John Cherry

Personal information
- National team: United Kingdom
- Born: John Conrad Hazlehurst Cherry 7 September 1914
- Died: 1 February 1943 (aged 28)
- Education: Westminster School Brasenose College, Oxford

Sport
- Sport: Rowing
- Event: 1936 Olympics

= John Cherry (rower) =

English rower (1914–1943)

John Conrad "Con" Hazlehurst Cherry (7 September 1914 – 1 February 1943) was an English rower who competed at the 1936 Summer Olympics held in Berlin, Germany.

== Rowing career ==
Cherry was born in Paddington and educated at Westminster School and Brasenose College, Oxford, having matriculated in 1933 as the Heath Harrison Minor Exhibitioner.

=== Oxford ===
He rowed in the Brasenose College 1st VIII from 1934 to 1938, and first rowed for the university in 1936 as a member of the losing Oxford boat in the Boat Race.
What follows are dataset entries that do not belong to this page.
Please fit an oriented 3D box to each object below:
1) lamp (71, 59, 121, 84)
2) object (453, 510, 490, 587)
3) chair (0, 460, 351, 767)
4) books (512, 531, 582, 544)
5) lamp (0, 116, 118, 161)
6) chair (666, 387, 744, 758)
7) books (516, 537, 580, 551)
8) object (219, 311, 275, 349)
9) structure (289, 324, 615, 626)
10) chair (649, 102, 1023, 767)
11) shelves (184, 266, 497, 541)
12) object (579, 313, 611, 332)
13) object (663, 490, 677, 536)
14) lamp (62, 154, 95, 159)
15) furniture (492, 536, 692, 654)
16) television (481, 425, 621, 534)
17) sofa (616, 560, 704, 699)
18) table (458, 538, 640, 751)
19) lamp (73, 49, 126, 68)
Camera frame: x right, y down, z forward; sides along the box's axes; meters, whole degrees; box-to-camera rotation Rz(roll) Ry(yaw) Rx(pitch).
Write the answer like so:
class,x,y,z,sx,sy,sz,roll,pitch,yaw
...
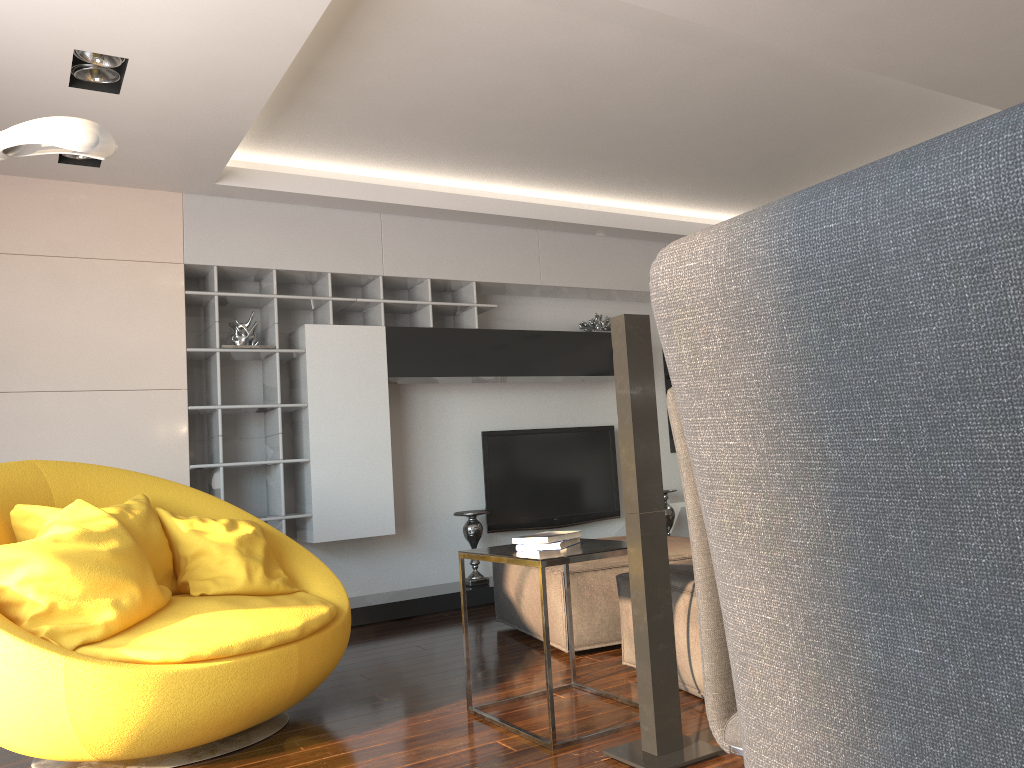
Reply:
class,x,y,z,sx,sy,sz,roll,pitch,yaw
lamp,-1.671,-1.255,3.530,0.183,0.077,0.170,-2,-6,-19
object,-0.247,1.067,5.734,0.252,0.475,0.227,1,-7,-39
chair,-1.249,0.733,3.118,1.090,1.006,1.580,-7,-6,26
books,0.123,0.533,3.058,0.147,0.022,0.216,-8,-7,35
lamp,-2.664,0.436,3.015,4.018,1.779,0.612,-8,-7,37
chair,0.577,0.449,1.317,0.449,0.965,0.543,0,-6,-31
books,0.131,0.556,3.070,0.158,0.023,0.239,-6,-6,19
object,-1.567,-0.300,5.120,0.299,0.227,0.270,-1,-6,-31
structure,0.047,0.524,6.035,3.031,1.767,0.456,-1,-6,-32
chair,0.436,0.379,0.469,0.601,0.965,0.406,0,-6,-32
shelves,-0.997,0.141,5.484,2.019,1.601,0.360,0,-6,-32
object,0.659,-0.443,6.623,0.339,0.177,0.308,-1,-6,-31
object,1.174,1.056,6.733,0.230,0.482,0.209,1,-7,-37
lamp,-2.124,-1.147,4.323,0.183,0.077,0.170,-2,-6,-19
furniture,0.560,1.016,4.530,1.141,0.440,1.051,-2,-6,-21
television,0.272,0.680,6.352,1.157,0.714,0.137,-1,-6,-32
sofa,1.485,0.795,4.285,2.584,0.704,2.627,-2,-6,-21
table,0.164,0.844,3.017,0.473,0.563,0.571,0,-6,-31
lamp,-1.587,-1.275,3.383,0.181,0.077,0.172,-3,-6,-12
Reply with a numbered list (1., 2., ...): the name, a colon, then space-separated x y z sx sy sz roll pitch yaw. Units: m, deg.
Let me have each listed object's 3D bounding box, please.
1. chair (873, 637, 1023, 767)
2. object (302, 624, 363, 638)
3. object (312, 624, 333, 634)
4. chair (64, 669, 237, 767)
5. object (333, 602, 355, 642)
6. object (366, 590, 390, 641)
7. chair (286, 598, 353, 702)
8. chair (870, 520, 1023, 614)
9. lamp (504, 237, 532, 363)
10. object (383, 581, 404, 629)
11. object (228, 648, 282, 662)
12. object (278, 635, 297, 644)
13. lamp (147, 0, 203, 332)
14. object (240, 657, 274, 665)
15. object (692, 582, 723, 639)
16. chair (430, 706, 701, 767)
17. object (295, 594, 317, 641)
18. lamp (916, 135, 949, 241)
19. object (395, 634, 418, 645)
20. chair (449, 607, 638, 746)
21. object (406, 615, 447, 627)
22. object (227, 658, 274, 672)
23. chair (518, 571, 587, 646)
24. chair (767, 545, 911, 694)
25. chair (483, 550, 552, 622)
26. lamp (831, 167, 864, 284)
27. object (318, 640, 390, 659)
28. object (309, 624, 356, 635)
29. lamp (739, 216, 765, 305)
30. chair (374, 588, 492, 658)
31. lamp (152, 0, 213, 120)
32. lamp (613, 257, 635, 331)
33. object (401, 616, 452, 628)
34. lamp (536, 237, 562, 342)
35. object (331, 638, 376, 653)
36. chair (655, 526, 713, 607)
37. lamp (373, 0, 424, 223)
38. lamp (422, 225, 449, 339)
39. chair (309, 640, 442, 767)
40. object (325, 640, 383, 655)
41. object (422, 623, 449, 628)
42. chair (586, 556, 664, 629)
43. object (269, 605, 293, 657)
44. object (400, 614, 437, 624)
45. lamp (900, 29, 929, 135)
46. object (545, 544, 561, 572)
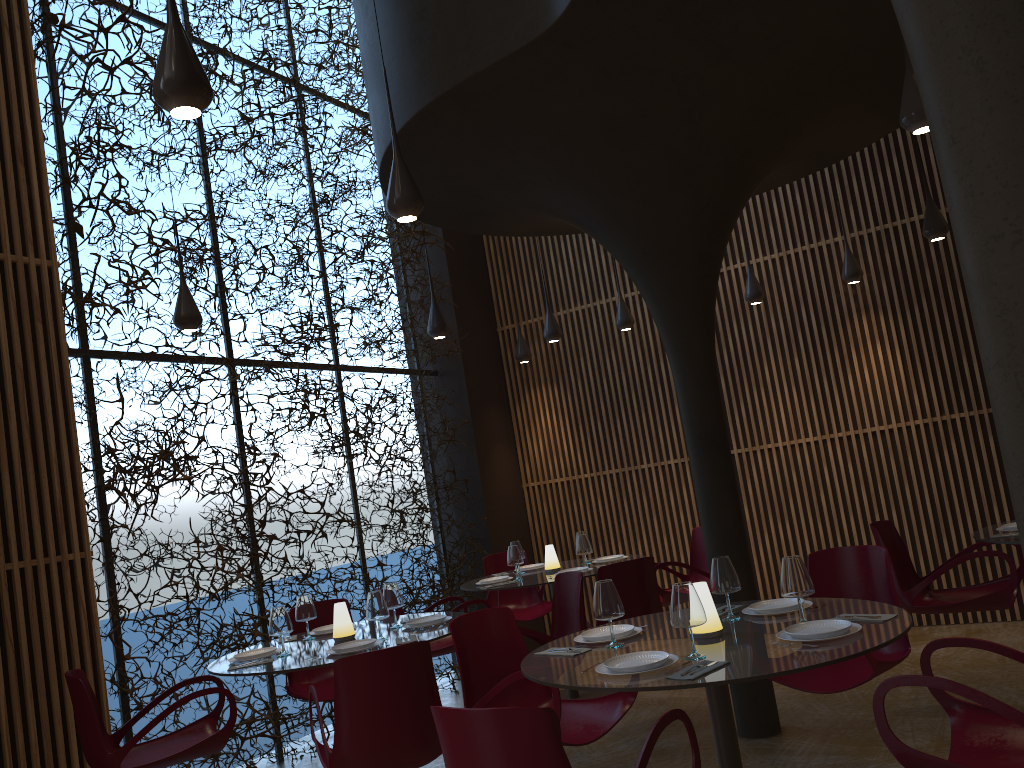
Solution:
1. chair: 1.787 1.042 3.077 0.875 0.634 0.624 -14 -8 39
2. object: -1.242 1.706 6.144 0.410 0.012 0.205 -7 -7 -18
3. object: -1.248 1.696 6.144 0.263 0.029 0.264 -6 -7 -23
4. chair: -2.108 1.920 5.205 0.871 0.634 0.627 -6 -7 -25
5. object: -1.084 1.514 5.658 0.142 0.231 0.145 -9 -6 -5
6. object: -0.812 1.404 5.367 0.142 0.294 0.142 -4 -8 -44
7. chair: -1.383 1.968 6.583 0.624 0.634 0.876 -7 -6 -15
8. chair: 2.919 1.202 5.944 0.875 0.634 0.625 -13 -7 34
9. lamp: -0.350 -3.330 10.531 0.195 6.261 0.196 -5 -6 -35
10. object: -0.782 1.455 5.839 0.142 0.294 0.142 -7 -6 -20
11. object: -1.584 1.680 5.480 0.332 0.014 0.332 -10 -7 11
12. object: -1.540 1.753 6.089 0.126 0.017 0.263 -7 -7 -14
13. lamp: -2.715 -3.445 6.384 0.195 6.261 0.196 -5 -6 -35
14. object: -1.586 1.683 5.484 0.204 0.012 0.412 -7 -7 -19
15. object: 0.846 0.998 3.925 0.142 0.231 0.145 -8 -6 -15
16. chair: 0.168 1.292 2.993 0.627 0.634 0.872 -13 -7 34
17. object: -1.382 1.565 5.952 0.142 0.294 0.142 -14 -7 41
18. lamp: 2.896 -4.230 7.344 0.195 6.261 0.196 -4 -7 -45
19. object: -0.619 1.499 5.192 0.126 0.017 0.263 -8 -7 -10
20. chair: 0.119 1.484 4.541 0.624 0.634 0.875 -3 -9 -45
21. object: -0.551 1.536 5.736 0.263 0.029 0.263 -12 -7 22
22. object: -1.526 1.643 5.184 0.261 0.017 0.127 -7 -7 -15
23. chair: 0.105 1.655 5.959 0.871 0.634 0.627 -7 -6 -20
24. chair: 1.727 1.252 4.756 0.627 0.634 0.872 -14 -8 39
25. chair: 0.049 2.005 8.821 0.624 0.634 0.876 -7 -6 -15
26. lamp: 2.763 -4.044 8.727 0.195 6.261 0.196 -5 -6 -35
27. object: -0.921 1.537 5.158 0.410 0.012 0.205 -7 -7 -14
28. object: -1.246 1.705 6.143 0.332 0.014 0.332 -12 -7 22
29. lamp: 1.910 -3.873 9.020 0.195 6.261 0.196 -4 -7 -45
30. chair: -0.676 1.957 7.443 0.871 0.634 0.627 -6 -7 -25
31. lamp: -1.598 -3.993 3.281 0.195 6.261 0.196 -8 -5 -15
32. lamp: 0.673 -3.634 9.354 0.196 6.261 0.196 -10 -5 15
33. object: -0.550 1.545 5.735 0.332 0.014 0.332 -12 -7 22
34. lamp: -0.065 -3.516 9.355 0.195 6.261 0.196 -5 -6 -35
35. object: -0.919 1.526 5.160 0.263 0.029 0.264 -8 -7 -10
36. chair: 1.537 1.692 8.197 0.871 0.634 0.627 -7 -6 -20
37. lamp: -1.024 -3.910 4.758 0.195 6.261 0.196 -8 -5 -15
38. lamp: -1.137 -3.488 8.146 0.195 6.261 0.196 -5 -6 -35
39. chair: -0.677 1.602 4.462 0.624 0.634 0.876 -7 -7 -20
40. object: -0.917 1.535 5.159 0.333 0.014 0.331 -14 -9 38
41. object: -0.547 1.545 5.731 0.204 0.012 0.412 -6 -7 -24
42. chair: 0.756 1.639 6.700 0.624 0.634 0.876 -7 -7 -20
43. object: -1.402 1.501 5.386 0.142 0.294 0.142 -12 -6 29
44. object: -0.626 1.599 6.024 0.261 0.017 0.127 -7 -7 -19
45. lamp: 1.539 -4.332 4.665 0.195 6.261 0.196 -7 -6 -25
46. object: 0.348 1.550 7.896 0.144 0.231 0.142 -10 -6 5

Later in the year, he was a member of the crew of the eight which came fourth representing Great Britain at the 1936 Summer Olympics in Berlin.

In 1937 he became president of OUBC, and was in the crew that broke Cambridge's thirteen-year winning streak. He was OUBC president again in 1938, recording another win over Cambridge.
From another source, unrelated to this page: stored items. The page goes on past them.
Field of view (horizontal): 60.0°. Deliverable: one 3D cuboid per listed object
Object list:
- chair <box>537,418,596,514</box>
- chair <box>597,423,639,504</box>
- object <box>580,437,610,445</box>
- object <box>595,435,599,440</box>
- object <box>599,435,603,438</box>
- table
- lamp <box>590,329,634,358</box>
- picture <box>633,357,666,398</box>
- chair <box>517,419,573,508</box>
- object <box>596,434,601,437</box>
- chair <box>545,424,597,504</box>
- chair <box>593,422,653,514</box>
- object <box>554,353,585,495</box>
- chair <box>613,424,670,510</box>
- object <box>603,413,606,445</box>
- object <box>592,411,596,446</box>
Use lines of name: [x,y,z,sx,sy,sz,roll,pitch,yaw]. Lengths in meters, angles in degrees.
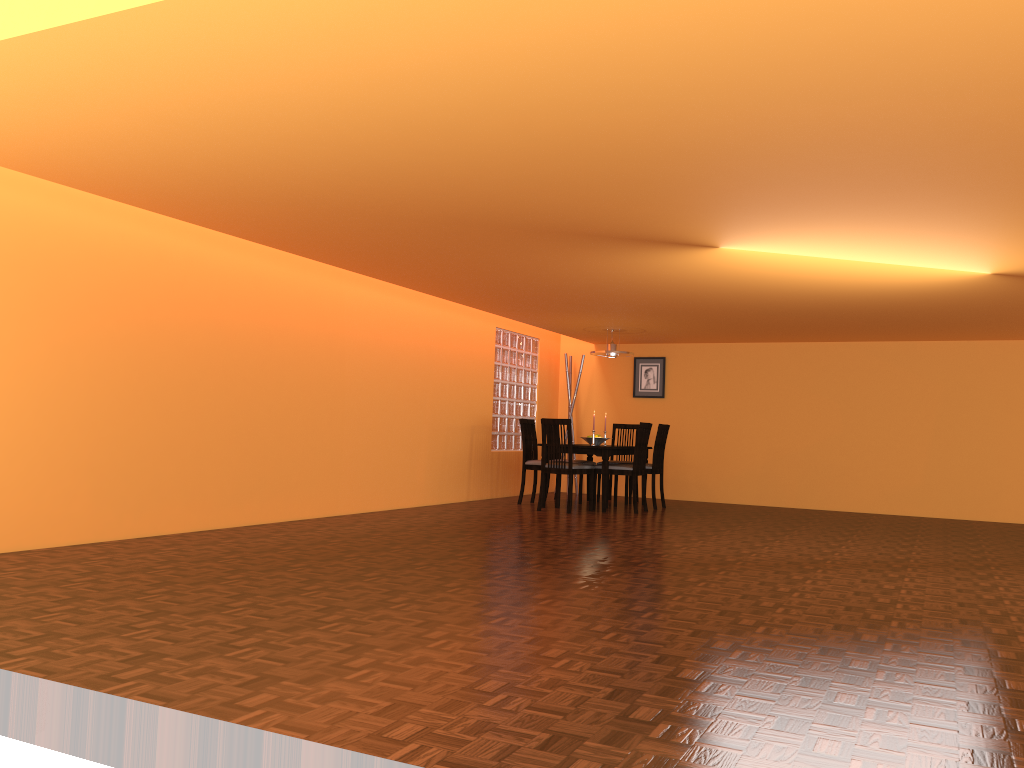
chair: [0.464,0.712,7.760,0.373,0.809,0.465,0,-4,31]
chair: [1.109,0.808,9.070,0.373,0.809,0.465,1,-3,21]
object: [0.784,0.542,8.378,0.337,0.072,0.337,3,-3,-8]
object: [0.786,0.502,8.284,0.046,0.046,0.055,2,-3,9]
object: [0.845,0.522,8.372,0.055,0.070,0.066,2,-3,7]
table: [0.801,0.872,8.391,0.697,0.584,1.259,1,-3,26]
lamp: [0.989,-0.397,8.748,0.435,0.274,0.435,5,-4,-42]
picture: [1.527,-0.072,9.871,0.361,0.456,0.014,1,-3,26]
chair: [0.311,0.737,8.326,0.465,0.809,0.373,1,-3,26]
object: [0.814,0.511,8.446,0.069,0.066,0.069,0,-4,36]
chair: [0.562,0.775,8.843,0.465,0.809,0.373,1,-3,26]
chair: [1.000,0.745,7.989,0.465,0.809,0.373,1,-3,26]
object: [0.666,0.452,9.972,0.226,1.589,0.308,5,-4,-42]
chair: [1.251,0.783,8.507,0.465,0.809,0.373,1,-3,26]
object: [0.908,0.434,8.637,0.044,0.326,0.044,1,-3,15]
object: [0.748,0.399,8.114,0.044,0.326,0.044,1,-3,15]
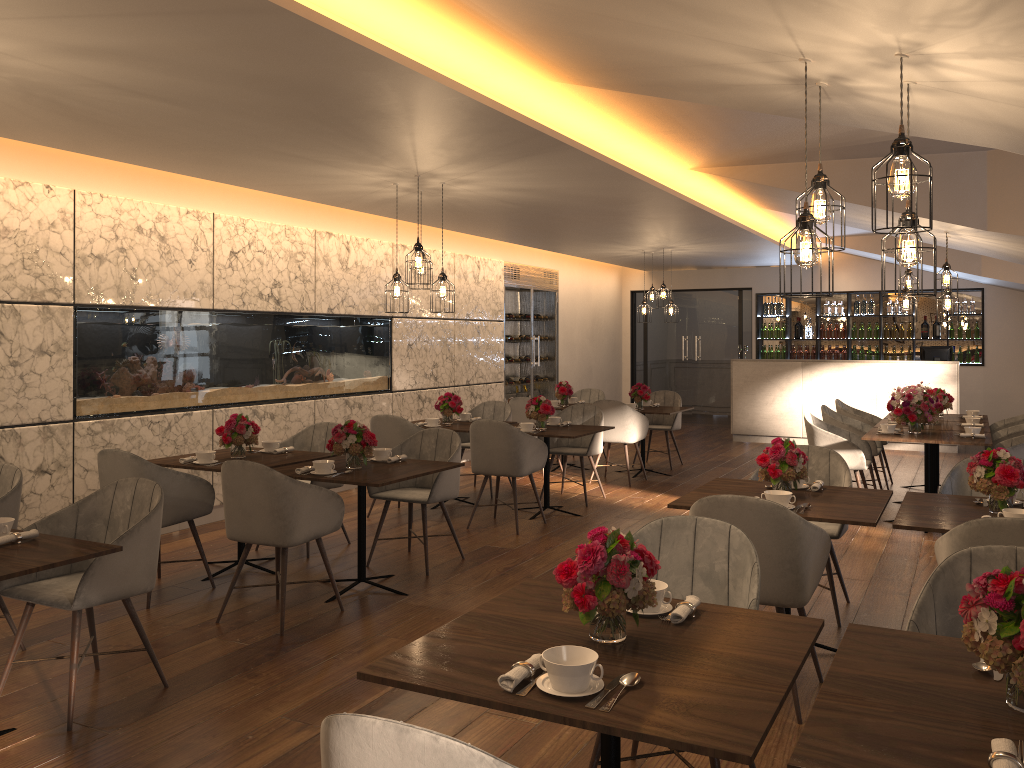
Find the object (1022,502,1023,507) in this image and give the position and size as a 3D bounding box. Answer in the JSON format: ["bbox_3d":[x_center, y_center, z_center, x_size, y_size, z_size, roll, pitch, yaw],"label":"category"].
[{"bbox_3d":[2.354,0.545,4.067,0.025,0.024,0.193,1,3,28],"label":"object"}]

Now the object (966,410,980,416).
[{"bbox_3d":[4.456,0.295,8.561,0.148,0.072,0.148,-1,2,-20],"label":"object"}]

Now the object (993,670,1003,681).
[{"bbox_3d":[1.133,0.657,2.067,0.022,0.004,0.211,1,3,27],"label":"object"}]

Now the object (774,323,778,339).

=== Henley Royal Regatta ===
Outside the Boat Race and the Olympics, Cherry also competed at Henley Royal Regatta. In 1936, he rowed in the Leander Club VIII, which came second in the Grand Challenge Cup, as well as the Brasenose College IV. In 1937 he rowed in the Leander Club IV, which won the Stewards' Challenge Cup, and in 1938 he rowed again in the Brasenose College IV.
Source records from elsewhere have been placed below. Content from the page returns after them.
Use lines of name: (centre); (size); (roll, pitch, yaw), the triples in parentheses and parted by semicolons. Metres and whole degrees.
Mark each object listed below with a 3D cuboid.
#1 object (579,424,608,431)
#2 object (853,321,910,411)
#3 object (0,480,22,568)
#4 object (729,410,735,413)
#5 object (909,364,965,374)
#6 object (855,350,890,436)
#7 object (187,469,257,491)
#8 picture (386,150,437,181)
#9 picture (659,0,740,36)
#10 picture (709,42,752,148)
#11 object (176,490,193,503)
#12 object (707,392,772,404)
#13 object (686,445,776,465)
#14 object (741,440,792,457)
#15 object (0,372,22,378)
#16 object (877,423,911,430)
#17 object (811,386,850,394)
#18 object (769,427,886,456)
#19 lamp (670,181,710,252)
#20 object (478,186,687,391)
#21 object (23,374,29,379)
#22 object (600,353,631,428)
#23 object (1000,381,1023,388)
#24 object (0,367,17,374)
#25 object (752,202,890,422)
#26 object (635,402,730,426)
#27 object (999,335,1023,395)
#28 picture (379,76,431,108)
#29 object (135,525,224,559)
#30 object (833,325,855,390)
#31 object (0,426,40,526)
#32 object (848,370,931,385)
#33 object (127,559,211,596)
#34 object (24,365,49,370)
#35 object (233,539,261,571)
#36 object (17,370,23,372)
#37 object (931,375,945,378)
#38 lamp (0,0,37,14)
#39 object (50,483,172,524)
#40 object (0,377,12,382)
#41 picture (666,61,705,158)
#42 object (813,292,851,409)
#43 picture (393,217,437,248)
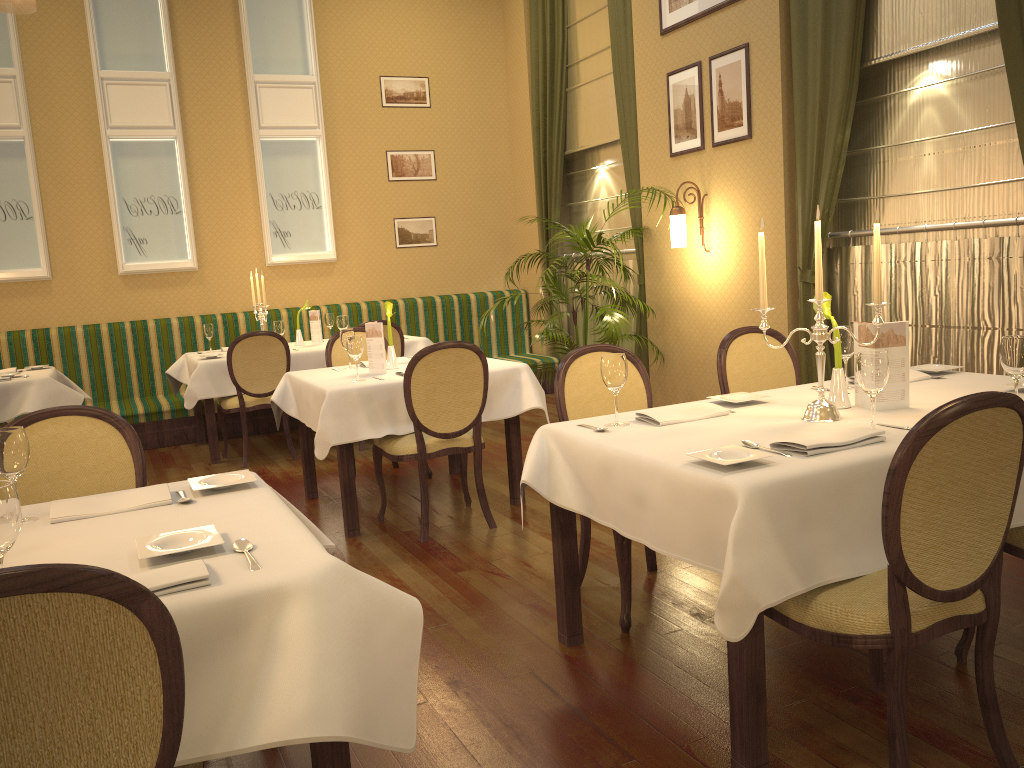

He became captain of Leander Club from 1938 to 1943, and was president of the Brasenose College Junior Common Room, as well as being a member of the Phoenix Common Room and Vincent's Club.

=== Second World War ===
After being commissioned into the Royal Navy during World War II, Cherry was killed in action on 1 February 1943 when serving as a lieutenant on HMS Welshman, a cruiser-minelayer sunk by U-617, northeast of Tobruk. Since Cherry has no known grave, his name is commemorated on the Chatham Naval Memorial.

== Personal life ==
In 1940 he married Glory Rowe, sister of his 1937 Oxford crew mate, R.G. Rowe. He was survived by his widow and one daughter.